Apple recently became the world’s first public company to be valued at more than $1 trillion (£767bn) after its shares closed in New York at a new record high of $207.39; it beat Silicon Valley rivals such as Amazon and Microsoft to become the first to hit the milestone.

 

Apple shares have jumped by almost a third in the past year and an astonishing 50,000% since the company first listed in 1980; it dwarfs the 2,000% increase for the S&P 500 index over the same period.

However, Jim Paulsen, chief investment strategist at The Leuthold Group recently warned that investors are dangerously overweight in the biggest tech stocks; he sees worrying parallels with the dotcom bubble of the late 1990s, saying: ‘the character is the same where everyone is going into the same, very narrow number of popular names.’

With an increasing number of commentators suggesting that we are coming to the end of this protracted bull run, those buying tech stocks at current valuations are paying a hefty multiple for their earnings.

As in the past when a cycle was running out of puff, tech companies have taken the mantle as glamour stocks; of the world’s ten largest listed companies, six are technology based. Over 20% of the S&P 500’s market cap is accounted for by technology businesses and the broader US whole market index is almost a quarter weighted in technology compared with just 0.9% of the UK market.

‘the character is the same where everyone is going into the same, very narrow number of popular names’

The mega-cap technology stocks known as the FAANG group have delivered price gains far in excess of the S&P 500 Index as a whole in the last five years; Netflix at 1205% and Facebook at 745% have led the charge

Paulsen noted: ‘More and more of the leadership stocks have been the more aggressive, high beta stocks.’ As such fast-growing stocks have become a larger proportion of the index he observed that ‘the S&P 500 has become half as defensive’ as just 11% of its stocks are defensive compared with 22% of the index in March 2009.
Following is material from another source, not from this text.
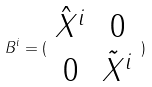<formula> <loc_0><loc_0><loc_500><loc_500>B ^ { i } = ( \begin{array} { c c } \hat { X } ^ { i } & 0 \\ 0 & \tilde { X } ^ { i } \end{array} )</formula>

Paulsen believes there is a 50/50 chance that the S&P 500 will drop 15% from its current level; less optimistic soothsayers have called stock market plunges of up to 50%.

Technology has been outperforming for many years, but in recent months it has rocketed; with the market caps of so many of these companies already stratospheric, how much longer can they drive market momentum and are we on the cusp of a repeat of 2000? When the dotcom bubble burst, it wiped $5 trillion from the value of overheated tech stocks.

Paulsen did not suggest that investors who are overweight in big tech stocks sell all, or even most, of their holdings, but he did say they might want to take some profits. He also did not indicate that investors should reduce their overall equity allocations, but recommended rotating portfolios toward more defensive stocks, saying, ‘Maybe buy a beat-up consumer staple or a utility or a pharma stock today that no one’s taking a look at, but sells at a lot better value.’